Improving Bt resistance risk assessment and management through genomic monitoring

The US government views the insecticidal properties of Bacillus thuringiensis (Bt) as a “public good”, and mandates that Bt be used in a manner that reduces the risk of insect pests evolving resistance. Both the US-EPA and USDA have concluded that monitoring for resistance could improve agricultural management practices aimed at decreasing resistance risk. Yet a lack of unbiased, standardized monitoring tools has made it challenging to identify field-collected pest populations with heritable Bt resistance mechanisms prior to crop failure.

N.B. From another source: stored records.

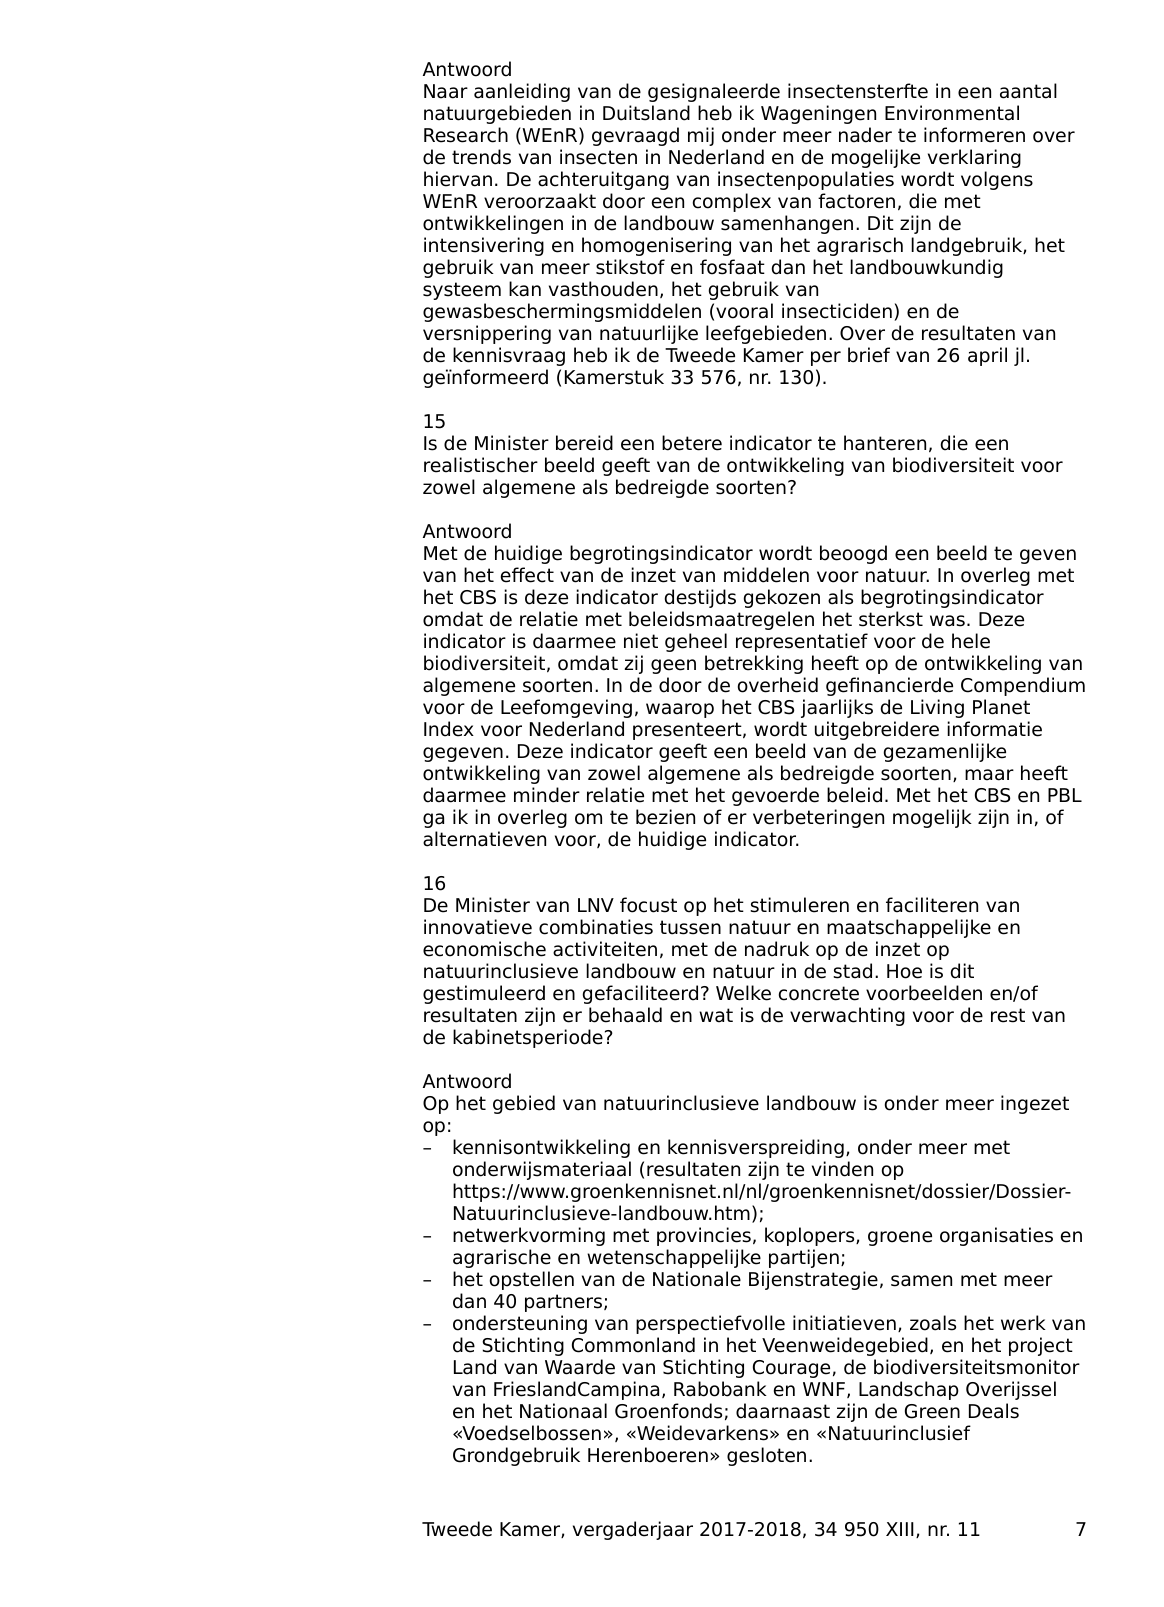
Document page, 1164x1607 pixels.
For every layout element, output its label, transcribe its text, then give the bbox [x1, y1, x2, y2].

text Op het gebied van natuurinclusieve landbouw is onder meer ingezet op: [422, 1093, 1087, 1137]
text – ondersteuning van perspectiefvolle initiatieven, zoals het werk van de Stichting Commonland in het Veenweidegebied, en het project Land van Waarde van Stichting Courage, de biodiversiteitsmonitor van FrieslandCampina, Rabobank en WNF, Landschap Overijssel en het Nationaal Groenfonds; daarnaast zijn de Green Deals «Voedselbossen», «Weidevarkens» en «Natuurinclusief Grondgebruik Herenboeren» gesloten. [422, 1313, 1087, 1467]
text Antwoord [422, 1071, 1087, 1093]
text – netwerkvorming met provincies, koplopers, groene organisaties en agrarische en wetenschappelijke partijen; [422, 1225, 1087, 1269]
text Naar aanleiding van de gesignaleerde insectensterfte in een aantal natuurgebieden in Duitsland heb ik Wageningen Environmental Research (WEnR) gevraagd mij onder meer nader te informeren over de trends van insecten in Nederland en de mogelijke verklaring hiervan. De achteruitgang van insectenpopulaties wordt volgens WEnR veroorzaakt door een complex van factoren, die met ontwikkelingen in de landbouw samenhangen. Dit zijn de intensivering en homogenisering van het agrarisch landgebruik, het gebruik van meer stikstof en fosfaat dan het landbouwkundig systeem kan vasthouden, het gebruik van gewasbeschermingsmiddelen (vooral insecticiden) en de versnippering van natuurlijke leefgebieden. Over de resultaten van de kennisvraag heb ik de Tweede Kamer per brief van 26 april jl. geïnformeerd (Kamerstuk 33 576, nr. 130). [422, 81, 1087, 389]
text Met de huidige begrotingsindicator wordt beoogd een beeld te geven van het effect van de inzet van middelen voor natuur. In overleg met het CBS is deze indicator destijds gekozen als begrotingsindicator omdat de relatie met beleidsmaatregelen het sterkst was. Deze indicator is daarmee niet geheel representatief voor de hele biodiversiteit, omdat zij geen betrekking heeft op de ontwikkeling van algemene soorten. In de door de overheid gefinancierde Compendium voor de Leefomgeving, waarop het CBS jaarlijks de Living Planet Index voor Nederland presenteert, wordt uitgebreidere informatie gegeven. Deze indicator geeft een beeld van de gezamenlijke ontwikkeling van zowel algemene als bedreigde soorten, maar heeft daarmee minder relatie met het gevoerde beleid. Met het CBS en PBL ga ik in overleg om te bezien of er verbeteringen mogelijk zijn in, of alternatieven voor, de huidige indicator. [422, 543, 1087, 851]
text De Minister van LNV focust op het stimuleren en faciliteren van innovatieve combinaties tussen natuur en maatschappelijke en economische activiteiten, met de nadruk op de inzet op natuurinclusieve landbouw en natuur in de stad. Hoe is dit gestimuleerd en gefaciliteerd? Welke concrete voorbeelden en/of resultaten zijn er behaald en wat is de verwachting voor de rest van de kabinetsperiode? [422, 895, 1087, 1049]
text Antwoord [422, 521, 1087, 543]
text Is de Minister bereid een betere indicator te hanteren, die een realistischer beeld geeft van de ontwikkeling van biodiversiteit voor zowel algemene als bedreigde soorten? [422, 433, 1087, 499]
text – kennisontwikkeling en kennisverspreiding, onder meer met onderwijsmateriaal (resultaten zijn te vinden op https://www.groenkennisnet.nl/nl/groenkennisnet/dossier/Dossier-Natuurinclusieve-landbouw.htm); [422, 1137, 1087, 1225]
text Antwoord [422, 59, 1087, 81]
text – het opstellen van de Nationale Bijenstrategie, samen met meer dan 40 partners; [422, 1269, 1087, 1313]
text 16 [422, 873, 1087, 895]
text 15 [422, 411, 1087, 433]
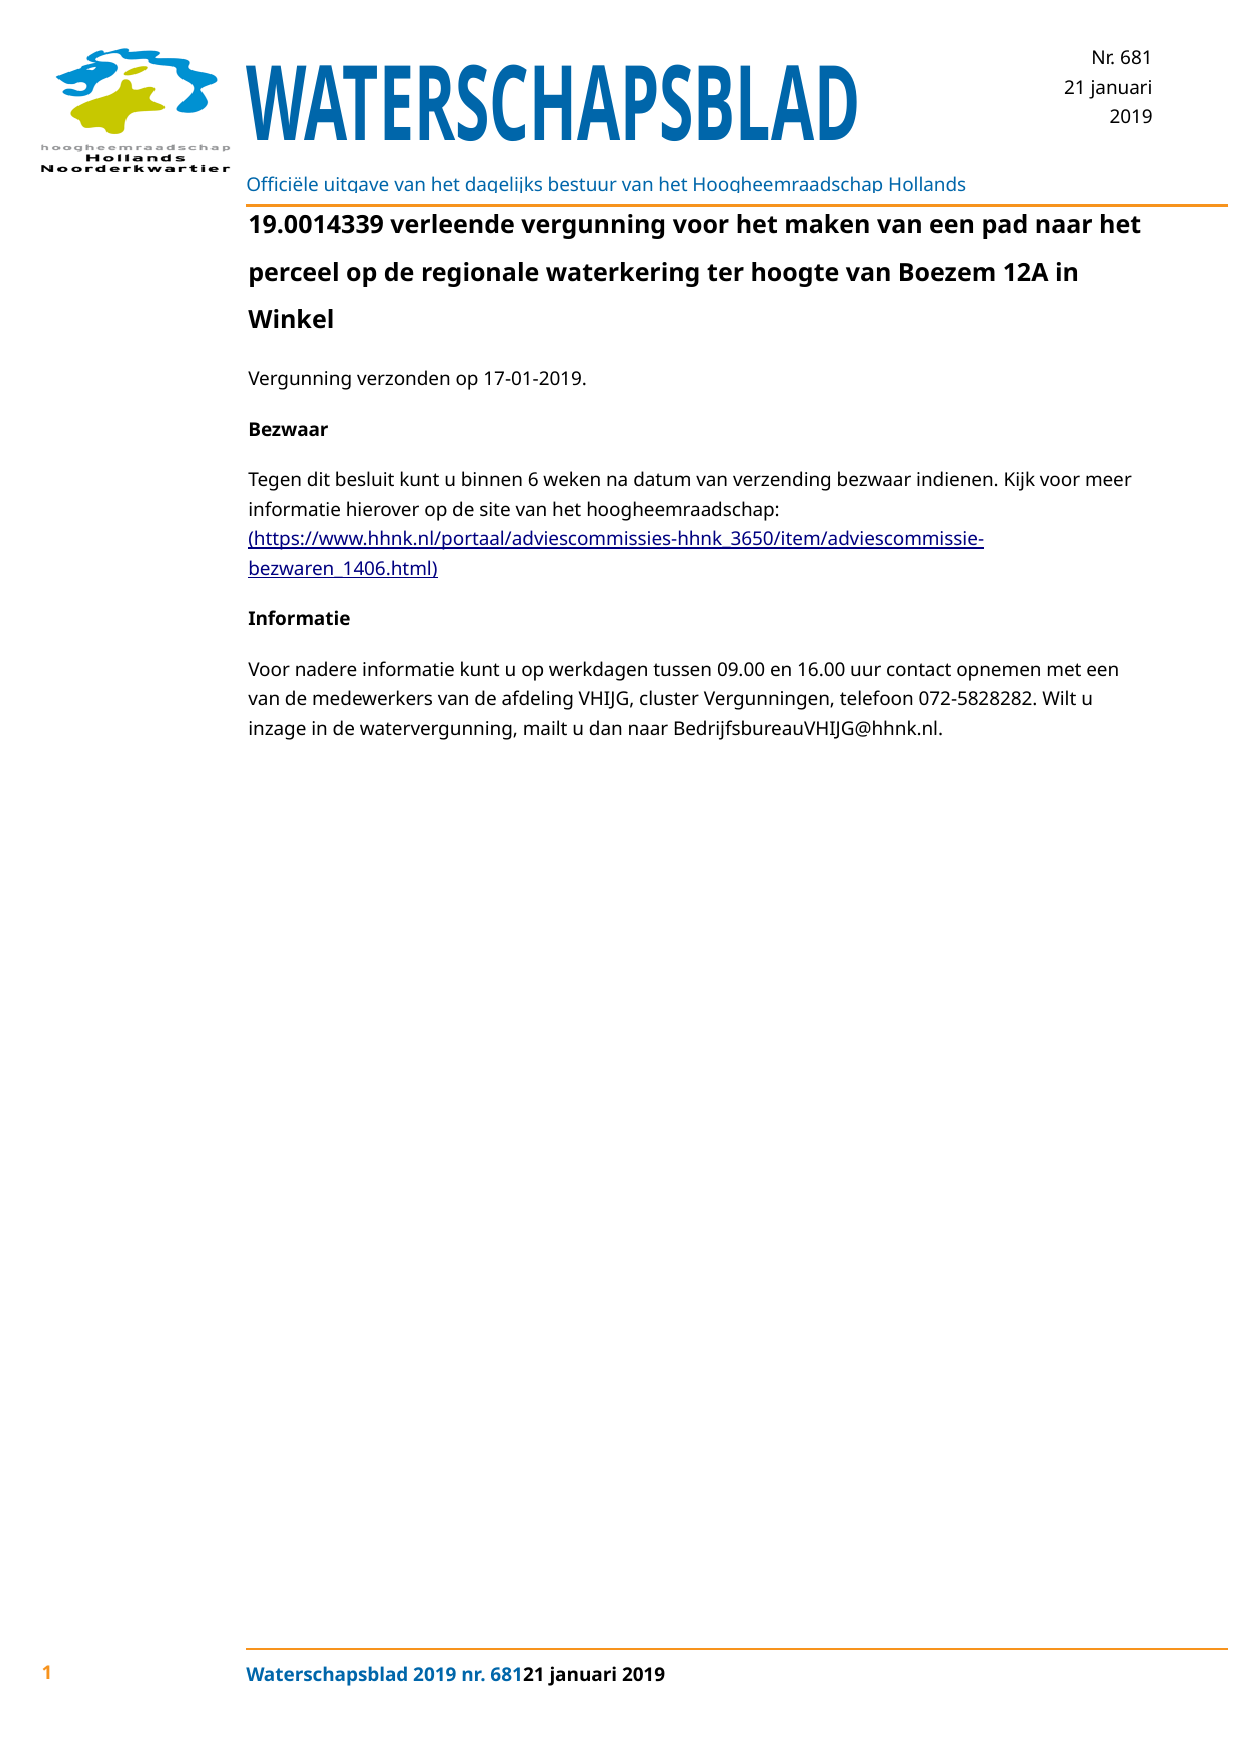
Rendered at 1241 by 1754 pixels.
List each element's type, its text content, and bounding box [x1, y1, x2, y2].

text 19.0014339 verleende vergunning voor het maken van een pad naar het perceel op de regionale waterkering ter hoogte van Boezem 12A in Winkel [248, 207, 1152, 336]
text Vergunning verzonden op 17-01-2019. [248, 366, 1152, 391]
text Bezwaar [248, 416, 1152, 442]
picture [41, 47, 231, 172]
text Tegen dit besluit kunt u binnen 6 weken na datum van verzending bezwaar indienen. Kijk voor meer informatie hierover op de site van het hoogheemraadschap: (https://www.hhnk.nl/portaal/adviescommissies-hhnk_3650/item/adviescommissie-bezwaren_1406.html) [248, 466, 1152, 581]
text Voor nadere informatie kunt u op werkdagen tussen 09.00 en 16.00 uur contact opnemen met een van de medewerkers van de afdeling VHIJG, cluster Vergunningen, telefoon 072-5828282. Wilt u inzage in de watervergunning, mailt u dan naar BedrijfsbureauVHIJG@hhnk.nl. [248, 656, 1152, 741]
text Informatie [248, 606, 1152, 631]
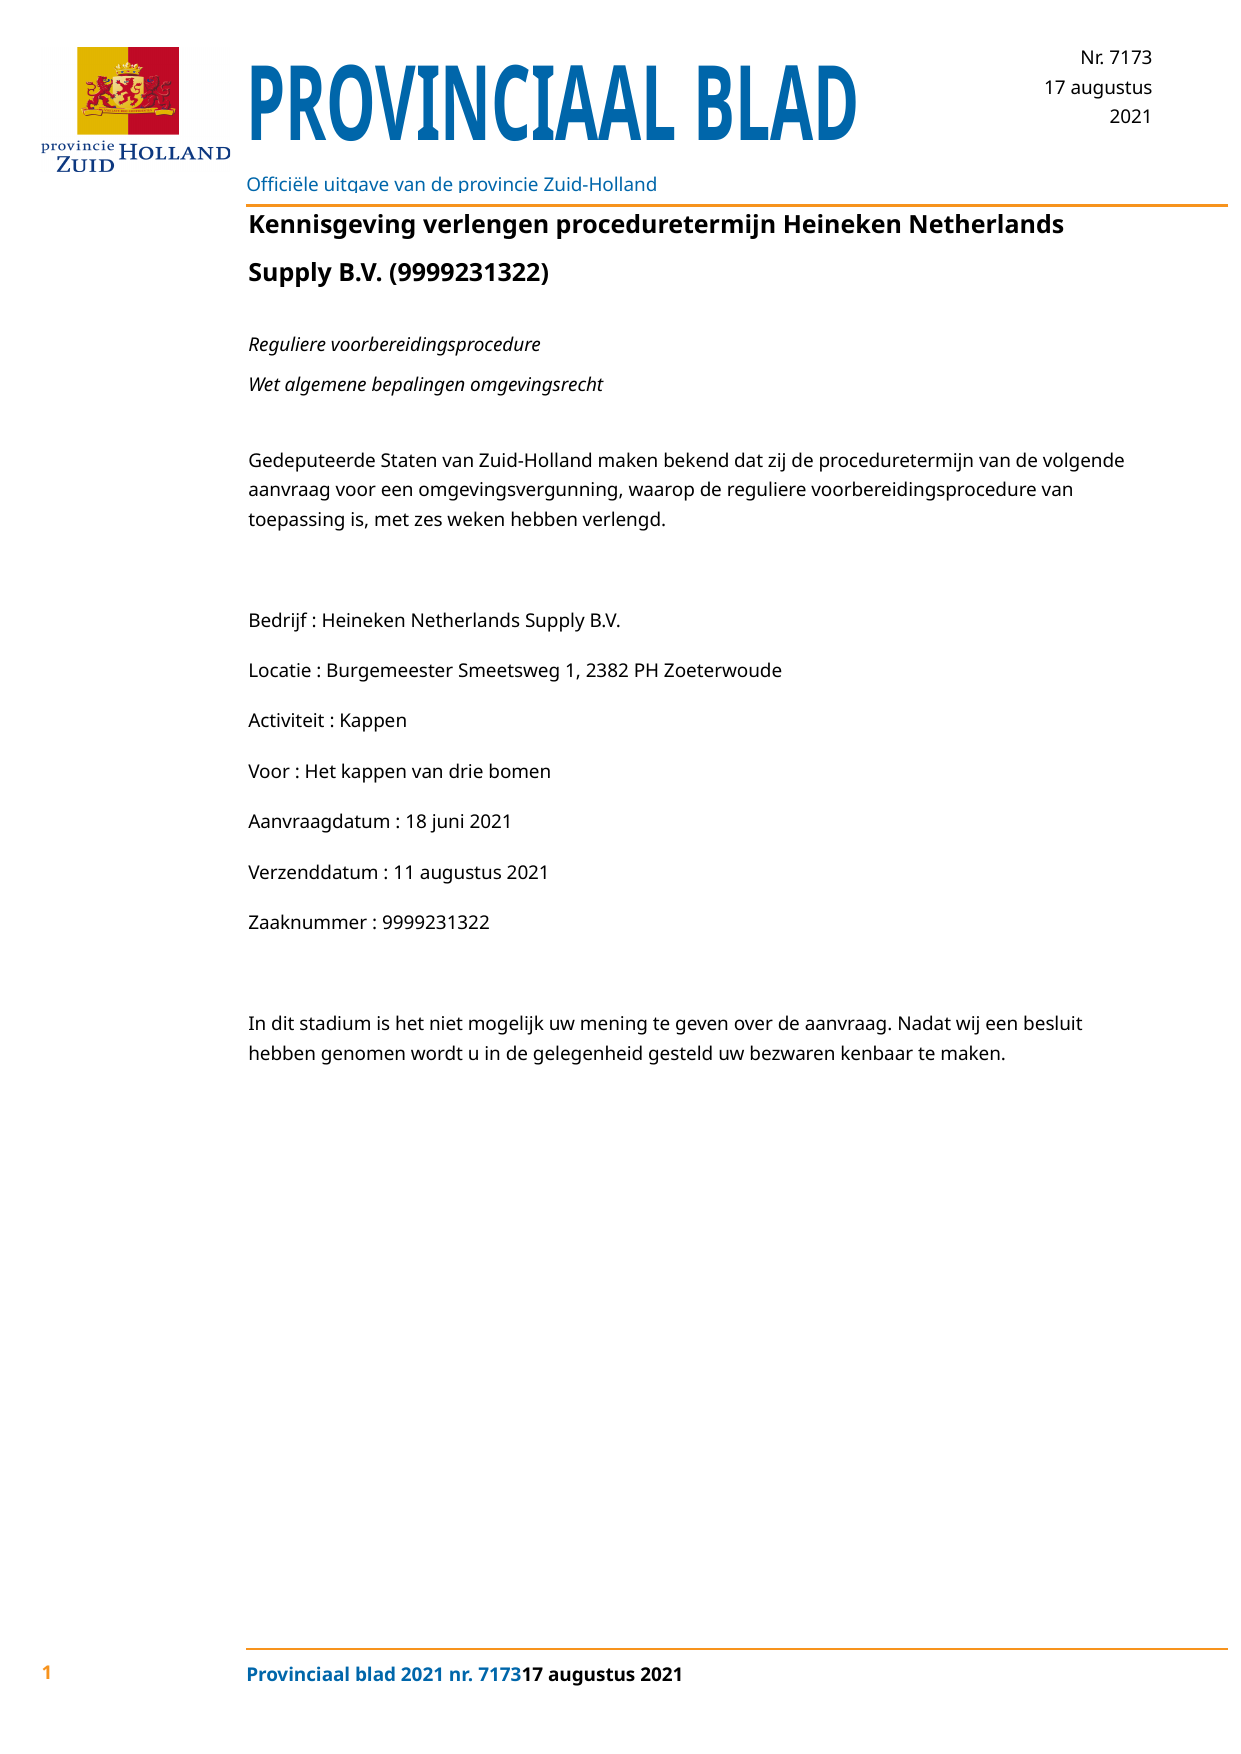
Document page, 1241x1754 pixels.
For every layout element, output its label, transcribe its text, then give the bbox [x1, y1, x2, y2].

text Activiteit : Kappen [248, 708, 1152, 733]
text Bedrijf : Heineken Netherlands Supply B.V. [248, 607, 1152, 633]
text Kennisgeving verlengen proceduretermijn Heineken Netherlands Supply B.V. (9999231322) [248, 207, 1152, 288]
text Verzenddatum : 11 augustus 2021 [248, 859, 1152, 885]
picture [41, 47, 231, 172]
text Reguliere voorbereidingsprocedure [248, 331, 1152, 357]
text Aanvraagdatum : 18 juni 2021 [248, 808, 1152, 834]
text Voor : Het kappen van drie bomen [248, 758, 1152, 784]
text In dit stadium is het niet mogelijk uw mening te geven over de aanvraag. Nadat wij een besluit hebben genomen wordt u in de gelegenheid gesteld uw bezwaren kenbaar te maken. [248, 1010, 1152, 1066]
text Zaaknummer : 9999231322 [248, 909, 1152, 935]
text Gedeputeerde Staten van Zuid-Holland maken bekend dat zij de proceduretermijn van de volgende aanvraag voor een omgevingsvergunning, waarop de reguliere voorbereidingsprocedure van toepassing is, met zes weken hebben verlengd. [248, 447, 1152, 532]
text Locatie : Burgemeester Smeetsweg 1, 2382 PH Zoeterwoude [248, 657, 1152, 683]
text Wet algemene bepalingen omgevingsrecht [248, 371, 1152, 396]

To address this need, we developed a Double-Digest Restriction-site Associated DNA Sequencing (ddRAD-seq) monitoring approach capable of detecting allele frequency changes throughout the insect genome. Using this genomic approach, we scanned the genomes of archived Heliothis virescens and Helicoverpa zea specimens from 1997 through 2012 and discovered a number of genomic regions that have changed over time, likely in response to Bt selection. In some cases, these genomic regions were located near to previously described Bt resistance genes. In other cases, new candidate genes appeared to be evolving in response to selection by Bt crops.  Ultimately, our work will confirm whether the evolution of insect resistance to Bt-expressing crops can be predicted by quantifying patterns of genomic change over time.